Singapore (VNA) - The Monetary Authority of Singapore (MAS) kept its exchange rate-based monetary policy unchanged on July 30 after easing twice earlier this year.
MAS' decision comes after Singapore's economy grew strongly in the first half of 2025 despite the negative impact of US President Donald Trump's tariffs. MAS also kept its forecast for 2025 core inflation, which excludes private travel and accommodation costs, unchanged at an average of 0.5% to 1.5%.
It also noted that despite uncertainty over the outlook, the global economy and Singapore’s domestic economy have been resilient thus far.
Singapore posted a year-on-year gross domestic product growth (GDP) of 4.3% in the second quarter of this year, following a 4.1% gain in the first three months – outperforming the Ministry of Trade and Industry’s forecast of 0% to 2% growth for the full year.
Meanwhile, core inflation came in at 0.6% in June on a year-on-year basis, the same level as May.
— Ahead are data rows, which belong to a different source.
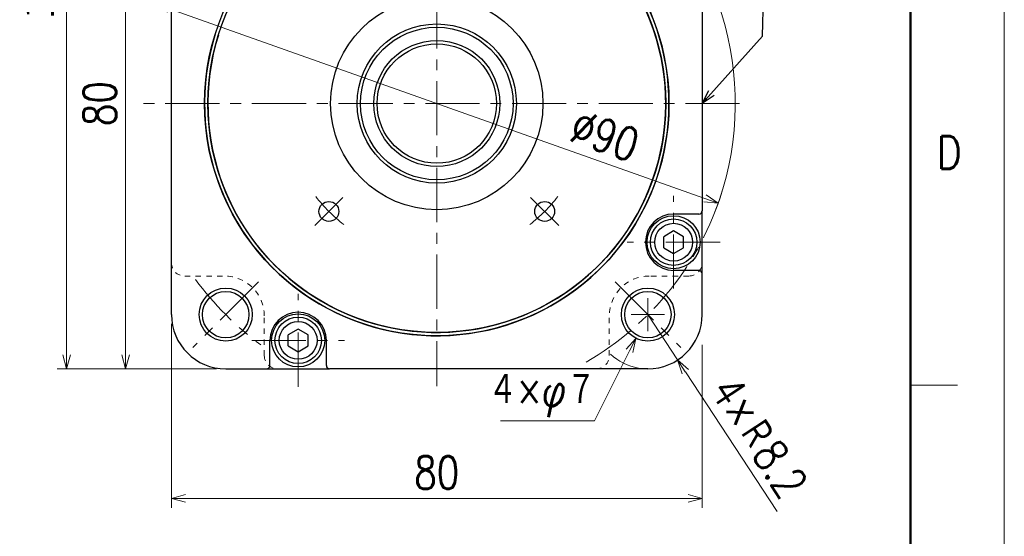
# Model space of a CAD drawing. Header units: millimetres. Extents: x 0 to 594, y 0 to 420.
# Tile 81 of 112: x 446 to 594, y 117 to 194. Entities that reach past the tile are written whole.
import ezdxf

# ---------------------------------------------------------------- set-up
doc = ezdxf.new("R2010")
doc.units = ezdxf.units.MM
doc.header["$LTSCALE"] = 0.257233
doc.linetypes.add('CENTER', pattern=[50.8, 31.75, -6.35, 6.35, -6.35])
doc.linetypes.add('DOTSX', pattern=[6.35, 3.175, -3.175])
doc.layers.add('NoLayerName_001', color=7, linetype='Continuous')
doc.styles.get("Standard").update_dxf_attribs({"font": 'txt', "bigfont": 'extfont2'})
doc.dimstyles.get("Standard").update_dxf_attribs({"dimtxt": 2.5, "dimasz": 2.5, "dimexe": 1, "dimexo": 1, "dimtad": 1, "dimdec": 3, "dimzin": 0, "dimdsep": 46, "dimtxsty": 'Standard', "dimcen": 2.5, "dimadec": 3, "dimazin": 0, "dimtfac": 0.75, "dimtdec": 3, "dimtmove": 0, "dimatfit": 3, "dimfxl": 1, "dimarcsym": 0})

# ---------------------------------------------------------------- blocks, each defined once
blk = doc.blocks.new('_OPEN30')
at = {"color": 0, "linetype": 'ByBlock', "lineweight": -2}
for p, q in [((-1, 0.267949), (0, 0)), ((0, 0), (-1, -0.267949)), ((0, 0), (-1, 0))]:
    blk.add_line(p, q, dxfattribs=at)
blk = doc.blocks.new('*D22')
at = {"layer": 'Defpoints', "color": 0}
for p in [(466.01, 196.79), (550.85, 166.76)]:
    blk.add_point(p, dxfattribs=at)
at = {"layer": 'NoLayerName_001', "color": 0, "linetype": 'Continuous', "lineweight": 13}
blk.add_line((548.85, 167.46), (468.01, 196.08), dxfattribs=at)
blk.add_arc((508.43, 181.77), 45, 338.708, 124.2776, dxfattribs=at)
at = {"layer": 'NoLayerName_001', "color": 0, "lineweight": 13, "xscale": 2.1213, "yscale": 2.1213, "zscale": 2.1213}
for p, rotation in [((466.01, 196.79), 160.5086905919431), ((550.85, 166.76), 340.5086905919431)]:
    blk.add_blockref('_OPEN30', p, dxfattribs=dict(at, rotation=rotation))
at = {"layer": 'NoLayerName_001', "color": 0, "lineweight": 13, "insert": (533.77, 176.93), "char_height": 4.9497, "attachment_point": 5, "rotation": 340.5087}
blk.add_mtext('\\W0.8000;%%c90', dxfattribs=at)
blk = doc.blocks.new('*D39')
at = {"layer": 'Defpoints', "color": 0}
for p in [(476.63, 221.77), (461.52, 141.77), (476.63, 141.77)]:
    blk.add_point(p, dxfattribs=at)
at = {"layer": 'NoLayerName_001', "color": 0, "linetype": 'Continuous', "lineweight": 13}
for p, q in [((475.22, 221.77), (460.11, 221.77)), ((461.52, 219.65), (461.52, 143.89)), ((475.22, 141.77), (460.11, 141.77))]:
    blk.add_line(p, q, dxfattribs=at)
at = {"layer": 'NoLayerName_001', "color": 0, "lineweight": 13, "xscale": 2.121322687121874, "yscale": 2.121322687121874, "zscale": 2.121322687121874}
for p, rotation in [((461.52, 221.77), 90), ((461.52, 141.77), 270)]:
    blk.add_blockref('_OPEN30', p, dxfattribs=dict(at, rotation=rotation))
at = {"layer": 'NoLayerName_001', "color": 0, "lineweight": 13, "insert": (457.63, 181.77), "char_height": 4.9498, "attachment_point": 5, "rotation": 90}
blk.add_mtext('\\W0.8000;80', dxfattribs=at)
blk = doc.blocks.new('*D46')
at = {"layer": 'Defpoints', "color": 0}
for p in [(542.05, 153.52), (538.45, 146.38)]:
    blk.add_point(p, dxfattribs=at)
at = {"layer": 'NoLayerName_001', "color": 0, "linetype": 'Continuous', "lineweight": 13}
for p, q in [((540.25, 147.45), (540.25, 152.45)), ((537.75, 149.95), (542.75, 149.95)), ((532.18, 133.93), (537.5, 144.48)), ((518.04, 133.93), (532.18, 133.93))]:
    blk.add_line(p, q, dxfattribs=at)
at = {"layer": 'NoLayerName_001', "color": 0, "lineweight": 13, "xscale": 2.121340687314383, "yscale": 2.121340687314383, "zscale": 2.121340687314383, "rotation": 63.2459639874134}
blk.add_blockref('_OPEN30', (538.45, 146.38), dxfattribs=at)
at = {"layer": 'NoLayerName_001', "color": 0, "lineweight": 13, "insert": (524.26, 137.82), "char_height": 4.9498, "attachment_point": 5}
blk.add_mtext('\\W0.8000;４×φ７', dxfattribs=at)
blk = doc.blocks.new('_NONE')
blk = doc.blocks.new('*D47')
at = {"layer": 'Defpoints', "color": 0}
for p in [(468.43, 149.97), (548.43, 146.81), (468.43, 122.26)]:
    blk.add_point(p, dxfattribs=at)
at = {"layer": 'NoLayerName_001', "color": 0, "linetype": 'Continuous', "lineweight": 13}
for p, q in [((468.43, 148.56), (468.43, 120.85)), ((548.43, 145.4), (548.43, 120.85)), ((546.31, 122.26), (470.55, 122.26))]:
    blk.add_line(p, q, dxfattribs=at)
at = {"layer": 'NoLayerName_001', "color": 0, "lineweight": 13, "xscale": 2.121340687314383, "yscale": 2.121340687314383, "zscale": 2.121340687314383}
for p, rotation in [((468.43, 122.26), 180), ((548.43, 122.26), 360)]:
    blk.add_blockref('_OPEN30', p, dxfattribs=dict(at, rotation=rotation))
at = {"layer": 'NoLayerName_001', "color": 0, "lineweight": 13, "insert": (508.43, 126.15), "char_height": 4.9498, "attachment_point": 5}
blk.add_mtext('\\W0.8000;80', dxfattribs=at)
blk = doc.blocks.new('*D51')
at = {"layer": 'Defpoints', "color": 0}
for p in [(489.43, 267.87), (452.63, 141.77), (476.63, 141.77)]:
    blk.add_point(p, dxfattribs=at)
at = {"layer": 'NoLayerName_001', "color": 0, "linetype": 'Continuous', "lineweight": 13}
for p, q in [((488.02, 267.87), (451.22, 267.87)), ((452.63, 265.75), (452.63, 143.89)), ((475.22, 141.77), (451.22, 141.77))]:
    blk.add_line(p, q, dxfattribs=at)
at = {"layer": 'NoLayerName_001', "color": 0, "lineweight": 13, "xscale": 2.121340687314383, "yscale": 2.121340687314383, "zscale": 2.121340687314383}
for p, rotation in [((452.63, 267.87), 90), ((452.63, 141.77), 270)]:
    blk.add_blockref('_OPEN30', p, dxfattribs=dict(at, rotation=rotation))
at = {"layer": 'NoLayerName_001', "color": 0, "lineweight": 13, "insert": (448.74, 204.82), "char_height": 4.9498, "attachment_point": 5, "rotation": 90}
blk.add_mtext('\\W0.8000;１２６．５', dxfattribs=at)
blk = doc.blocks.new('*D68')
at = {"layer": 'Defpoints', "color": 0}
for p in [(540.23, 149.97), (544.73, 143.12)]:
    blk.add_point(p, dxfattribs=at)
at = {"layer": 'NoLayerName_001', "color": 0, "linetype": 'Continuous', "lineweight": 13}
for p, q in [((540.23, 149.97), (544.73, 143.12)), ((545.9, 141.34), (559.73, 120.28))]:
    blk.add_line(p, q, dxfattribs=at)
blk.add_arc((540.23, 149.97), 8.2, 226.82, 260.1061, dxfattribs=at)
at = {"layer": 'NoLayerName_001', "color": 0, "lineweight": 13, "xscale": 2.121340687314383, "yscale": 2.121340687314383, "zscale": 2.121340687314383, "rotation": 123.2861019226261}
blk.add_blockref('_OPEN30', (544.73, 143.12), dxfattribs=at)
at = {"layer": 'NoLayerName_001', "color": 0, "lineweight": 13, "insert": (557.03, 131.48), "char_height": 4.9498, "attachment_point": 5, "rotation": 303.2861}
blk.add_mtext('\\W0.8000;4×Ｒ8.2', dxfattribs=at)

msp = doc.modelspace()

# ---------------------------------------------------------------- linework, layer by layer
at = {"layer": 'NoLayerName_001', "color": 7, "linetype": 'Continuous', "lineweight": 13}
msp.add_line((593.9754, 0), (593.9754, 420.0255), dxfattribs=at)
at = {"layer": 'NoLayerName_001', "color": 7, "linetype": 'Continuous', "lineweight": 50}
msp.add_line((579.8331, 405.8832), (579.8331, 14.1423), dxfattribs=at)
at = {"layer": 'NoLayerName_001', "color": 2, "linetype": 'CENTER', "lineweight": 13}
for p, q in [((508.4332, 224.35), (508.4332, 139.1903)), ((554.0778, 181.7701), (462.7886, 181.7701)), ((544.1332, 153.8701), (544.1332, 167.8701)), ((494.2911, 167.628), (490.0484, 163.3854)), ((522.5753, 167.628), (526.818, 163.3854)), ((551.1332, 160.8701), (537.1332, 160.8701)), ((481.5632, 154.9001), (471.6637, 145.0006)), ((535.3033, 154.9001), (545.2028, 145.0006)), ((487.5332, 139.0701), (487.5332, 153.0701)), ((480.5332, 146.0701), (494.5332, 146.0701))]:
    msp.add_line(p, q, dxfattribs=at)
at = {"layer": 'NoLayerName_001', "color": 7, "linetype": 'Continuous', "lineweight": 25}
for p, q in [((548.4332, 213.5701), (548.4332, 165.6201)), ((468.4332, 149.9701), (468.4332, 197.9201)), ((547.9332, 165.1201), (544.1332, 165.1201)), ((548.4332, 149.9701), (548.4332, 165.6201)), ((544.1332, 162.5851), (542.6332, 161.7015)), ((545.6332, 161.7015), (544.1332, 162.5851)), ((542.6332, 160.0387), (542.6332, 161.7015)), ((545.6332, 160.0387), (545.6332, 161.7015)), ((542.6332, 160.0387), (544.1332, 159.1551)), ((544.1332, 159.1551), (545.6332, 160.0387)), ((547.9332, 156.6201), (544.1332, 156.6201)), ((487.5332, 147.7851), (486.0332, 146.9015)), ((489.0332, 146.9015), (487.5332, 147.7851)), ((483.2832, 142.2701), (483.2832, 146.0701)), ((486.0332, 145.2387), (486.0332, 146.9015)), ((489.0332, 145.2387), (489.0332, 146.9015)), ((491.7832, 142.2701), (491.7832, 146.0701)), ((486.0332, 145.2387), (487.5332, 144.3551)), ((487.5332, 144.3551), (489.0332, 145.2387)), ((476.6332, 141.7701), (492.2832, 141.7701)), ((540.2332, 141.7701), (492.2832, 141.7701))]:
    msp.add_line(p, q, dxfattribs=at)
at = {"layer": 'NoLayerName_001', "color": 2, "linetype": 'DOTSX', "lineweight": 13}
for p, q in [((470.4332, 155.7701), (476.4332, 155.7701)), ((546.4332, 155.7701), (540.4332, 155.7701)), ((482.4332, 143.7701), (482.4332, 149.7701)), ((534.4332, 143.7701), (534.4332, 149.7701))]:
    msp.add_line(p, q, dxfattribs=at)
at = {"layer": 'NoLayerName_001', "color": 2, "linetype": 'Continuous', "lineweight": 13}
msp.add_line((579.8331, 139.3014), (586.9043, 139.3014), dxfattribs=at)
at = {"layer": 'NoLayerName_001', "color": 7, "linetype": 'Continuous', "lineweight": 25}
for centre, radius in [((508.4332, 181.7701), 35), ((508.4332, 181.7701), 34.5), ((508.4332, 181.7701), 16), ((508.4332, 181.7701), 12), ((508.4332, 181.7701), 11.5), ((508.4332, 181.7701), 9.5), ((508.4332, 181.7701), 9), ((492.1698, 165.5067), 1.5), ((524.6967, 165.5067), 1.5), ((544.1332, 160.8701), 4), ((544.1332, 160.8701), 3.5), ((544.1332, 160.8701), 2.85), ((476.6134, 149.9503), 4), ((476.6134, 149.9503), 3.5), ((540.253, 149.9503), 4), ((540.253, 149.9503), 3.5), ((487.5332, 146.0701), 4), ((487.5332, 146.0701), 3.5), ((487.5332, 146.0701), 2.85)]:
    msp.add_circle(centre, radius, dxfattribs=at)
for centre, radius, start, end in [((508.4332, 181.7701), 35, 162.582455, 110.412544), ((508.4332, 181.7701), 34.5, 162.582455, 110.412544), ((544.1332, 160.8701), 4.25, 90, 270), ((547.9332, 165.6201), 0.5, 270, 0), ((547.9332, 156.1201), 0.5, 0, 90), ((476.6332, 149.9701), 8.2, 180, 270), ((487.5332, 146.0701), 4.25, 0, 180), ((540.2332, 149.9701), 8.2, 270, 0), ((482.7832, 142.2701), 0.5, 270, 0), ((492.2832, 142.2701), 0.5, 180, 270)]:
    msp.add_arc(centre, radius, start, end, dxfattribs=at)
at = {"layer": 'NoLayerName_001', "color": 2, "linetype": 'CENTER', "lineweight": 13}
for radius, start, end in [(23, 217.52133, 232.47867), (23, 307.52133, 322.47867), (45, 300.02071, 342.918776), (45, 216.078313, 233.921687)]:
    msp.add_arc((508.4332, 181.7701), radius, start, end, dxfattribs=at)
at = {"layer": 'NoLayerName_001', "color": 2, "linetype": 'DOTSX', "lineweight": 13}
for centre, radius, start, end in [((470.4332, 157.7701), 2, 180, 270), ((546.4332, 157.7701), 2, 270, 0), ((476.4332, 149.7701), 6, 0, 90), ((540.4332, 149.7701), 6, 90, 180), ((484.4332, 143.7701), 2, 180, 270), ((532.4332, 143.7701), 2, 270, 0)]:
    msp.add_arc(centre, radius, start, end, dxfattribs=at)

# ---------------------------------------------------------------- texts
at = {"layer": 'NoLayerName_001', "color": 2, "lineweight": 13, "insert": (583.7613, 171.928), "char_height": 4.949795, "attachment_point": 7}
msp.add_mtext('\\A1;\\W0.8600;D', dxfattribs=at)

# ---------------------------------------------------------------- dimensions: what is measured, and where the dimension line sits
at = {"layer": 'NoLayerName_001', "color": 3, "linetype": 'Continuous', "lineweight": 13}
for base, p1, p2, angle, text, override, picture, middle in [((452.6315, 141.7701), (489.4332, 267.8699), (476.6332, 141.7701), 270, '\\W0.8000;１２６．５', {"dimtxt": 4.949795, "dimasz": 2.121341, "dimexe": 1.414227, "dimexo": 1.414227, "dimgap": 1.414227, "dimzin": 8, "dimblk": 'OPEN30', "dimclrd": 0, "dimclre": 0, "dimclrt": 0, "dimtp": 0, "dimtm": 0, "dimlwd": 13, "dimlwe": 13}, '*D51', (452.6315, 204.82)), ((461.5214, 141.7701), (476.6332, 221.7701), (476.6332, 141.7701), 270, '\\W0.8000;<>', {"dimtxt": 4.949753, "dimasz": 2.121323, "dimexe": 1.414215, "dimexo": 1.414215, "dimgap": 1.414215, "dimzin": 8, "dimblk": 'OPEN30', "dimclrd": 0, "dimclre": 0, "dimclrt": 0, "dimtp": 0, "dimtm": 0, "dimlwd": 13, "dimlwe": 13}, '*D39', (461.5214, 181.7701)), ((468.4332, 122.2616), (548.4332, 146.8117), (468.4332, 149.9701), 180, '\\W0.8000;<>', {"dimtxt": 4.949795, "dimasz": 2.121341, "dimexe": 1.414227, "dimexo": 1.414227, "dimgap": 1.414227, "dimzin": 8, "dimblk": 'OPEN30', "dimclrd": 0, "dimclre": 0, "dimclrt": 0, "dimtp": 0, "dimtm": 0, "dimlwd": 13, "dimlwe": 13}, '*D47', (508.4332, 122.2616))]:
    dim = msp.add_linear_dim(base=base, p1=p1, p2=p2, angle=angle, text=text, dimstyle='Standard', override=override, dxfattribs=at)
    dim.commit()
    dim.dimension.update_dxf_attribs({"geometry": picture, "text_midpoint": middle, "dimtype": 160})
for p1, p2, text, override, picture, middle in [((466.0121, 196.785), (550.8544, 166.7553), '\\W0.8000;<>', {"dimtxt": 4.9497, "dimasz": 2.1213, "dimexe": 1.4142, "dimexo": 1.4142, "dimgap": 1.4142, "dimzin": 8, "dimblk": 'OPEN30', "dimclrd": 0, "dimclre": 0, "dimclrt": 0, "dimtp": 0, "dimtm": 0, "dimatfit": 2, "dimlwd": 13, "dimlwe": 13}, '*D22', (532.472, 173.2617)), ((542.0537, 153.5221), (538.4524, 146.3785), '\\W0.8000;４×φ７', {"dimtxt": 4.949795, "dimasz": 2.121341, "dimexe": 1.414227, "dimexo": 1.414227, "dimgap": 1.414227, "dimtad": 3, "dimtih": 1, "dimtoh": 1, "dimzin": 8, "dimpost": '４×φ<>', "dimblk1": 'NONE', "dimblk2": 'OPEN30', "dimsah": 1, "dimse1": 1, "dimclrd": 0, "dimclre": 0, "dimclrt": 0, "dimtp": 0, "dimtm": 0, "dimtofl": 0, "dimlwd": 13, "dimlwe": -2}, '*D46', (524.2584, 133.9328))]:
    dim = msp.add_diameter_dim_2p(p1=p1, p2=p2, text=text, dimstyle='Standard', override=override, dxfattribs=at)
    dim.commit()
    dim.dimension.update_dxf_attribs({"geometry": picture, "text_midpoint": middle, "dimtype": 163})
dim = msp.add_radius_dim(center=(540.2332, 149.9701), mpoint=(544.7335, 143.1154), text='\\W0.8000;<>', dimstyle='Standard', override={"dimtxt": 4.949795, "dimasz": 2.121341, "dimexe": 1.414227, "dimexo": 1.414227, "dimgap": 1.414227, "dimzin": 8, "dimpost": '4×Ｒ<>', "dimblk1": 'NONE', "dimblk2": 'OPEN30', "dimsah": 1, "dimclrd": 0, "dimclre": 0, "dimclrt": 0, "dimtp": 0, "dimtm": 0, "dimlwd": 13, "dimlwe": 13}, dxfattribs=at)
dim.commit()
dim.dimension.update_dxf_attribs({"geometry": '*D68', "text_midpoint": (553.7758, 129.3427), "dimtype": 164})

# ---------------------------------------------------------------- leaders
at = {"layer": 'NoLayerName_001', "color": 3, "linetype": 'Continuous', "lineweight": 13, "annotation_type": 0, "has_hookline": 1, "hookline_direction": 1, "text_width": 27.3431}
msp.add_leader([(548.4332, 181.7701), (557.502, 191.9057), (559.3207, 253.8344), (557.1993, 253.8344)], dimstyle='Standard', override={"dimtxt": 4.949795, "dimasz": 2.121341, "dimldrblk": 'OPEN30'}, dxfattribs=at)

doc.saveas('drawing.dxf')

The economic resilience is mostly attributed to US importers booking larger quantities of goods than usual for the first half of the year to mitigate the potential cost increases associated with new tariffs. The strategy, called front-loading, boosted exports to unusually high levels during the period from many Asian countries, including Singapore.
However, most analysts believe that front-loading would start to fade in the second half of 2025 as importers would tap the stockpiles they had built in the first six months. Thus, exports and manufacturing output would trail the first-half performance, while inflation would remain mild at best.
Given the uncertainties, MAS will closely monitor global and economic developments, and remain vigilant to risks to inflation and growth.
MAS said the drag on global demand may also intensify as previously delayed US tariffs are implemented.
However, the risk of a sharp step-down in global growth in the near term has receded along with the general de-escalation in trade tensions as well as more benign financial conditions since April, it added./.